Extrait de la série Fabre and the city. — N. Bonzom / Maxele Presse
  • Fabre and the city est une série qui fait parler les personnages des œuvres.
  • Disponible dès vendredi, elle a été réalisée par l’illustrateur Cépé.
  • Dans chaque épisode, les œuvres se souviennent de leurs péripéties.

A l’ère de Netflix, le musée Fabre s’offre une série. Dès vendredi, l’amiral culturel montpelliérain diffusera sur Internet le feuilleton Fabre and the city, une série graphique en sept épisodes où les personnages tirés des œuvres du musée prennent vie.

La première saison (car il y en aura une deuxième) transporte les spectateurs dans la préhistoire du musée, à la fin du XVIIIe siècle, alors qu’une Société des Beaux-Arts fait ses premiers pas à Montpellier. Accessible gratuitement sur l’application et la plate-forme dédiées, la série propose de se promener à son rythme dans l’intrigue, en balayant son doigt sur l’écran pour faire avancer les péripéties rencontrées par les protagonistes.

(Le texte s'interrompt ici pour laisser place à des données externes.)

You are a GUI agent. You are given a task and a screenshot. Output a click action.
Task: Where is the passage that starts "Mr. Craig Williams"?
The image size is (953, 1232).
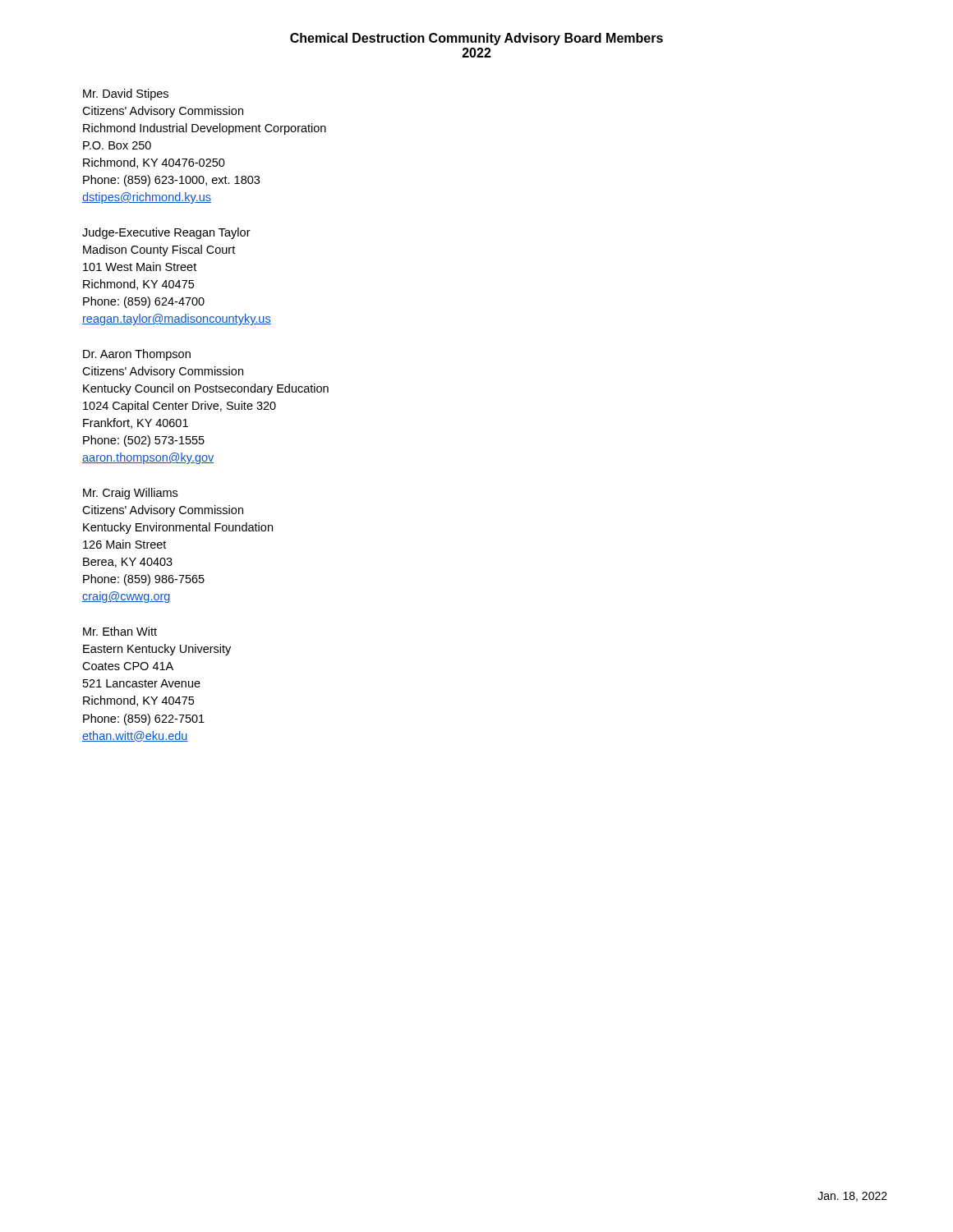130,494
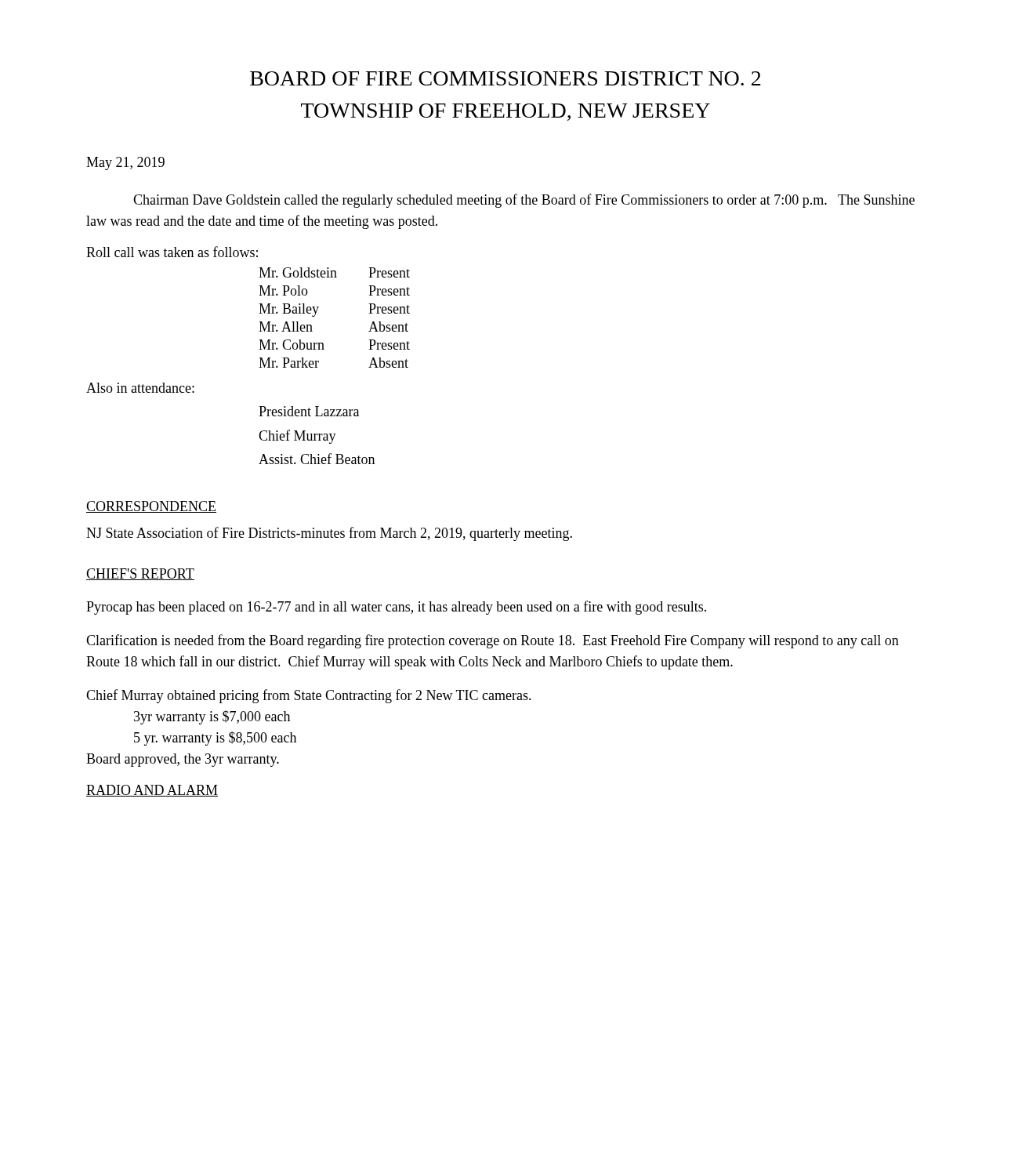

« Les œuvres se souviennent de ce qu’elles ont traversé »

Cépé, l’illustrateur montpelliérain qui a été sélectionné pour dessiner ce projet, a notamment donné vie à des bustes de Voltaire et de Rousseau, à l’Ecorché, imaginé par Jean-Antoine Houdon en 1778, au Vieillard, peint par François-Xavier Fabre en 1784 ou encore la Fillette, inspirée par une œuvre de 1725 de Jean-Baptiste Greuze.

Extrait de la série Fabre and the city.
Extrait de la série Fabre and the city. - N. Bonzom / Maxele Presse

« Dans chaque épisode, les œuvres se souviennent de ce qu’elles ont traversé, dans une sorte de flash-back, indique Anne Le Cabec, en charge des projets multimédia au musée Fabre. Pour l’Ecorché, par exemple, qui servait de modèle aux étudiants en médecine et en dessin, il raconte ses déboires, quand il était transporté de lieu en lieu. Notamment quand des étudiants malveillants lui ont peint les ongles en vert, par exemple ! » Des malheurs inspirés d’histoires vraies non dénués d’humour.

« L’idée, c’était que cela puisse être accessible par tout le monde, même par les enfants, indique le dessinateur Cépé, qui a eu carte blanche pour imaginer le style graphique du feuilleton. Il fallait donc que ce soit drôle, aussi. Les œuvres se moquent, il y a un décalage avec l’art, c’est ce que je voulais. » En parallèle avec la série, l’application dédiée proposera également une balade géolocalisée dans les rues de Montpellier, à la rencontre de lieux qui ont compté pour les héros de Fabre and the city.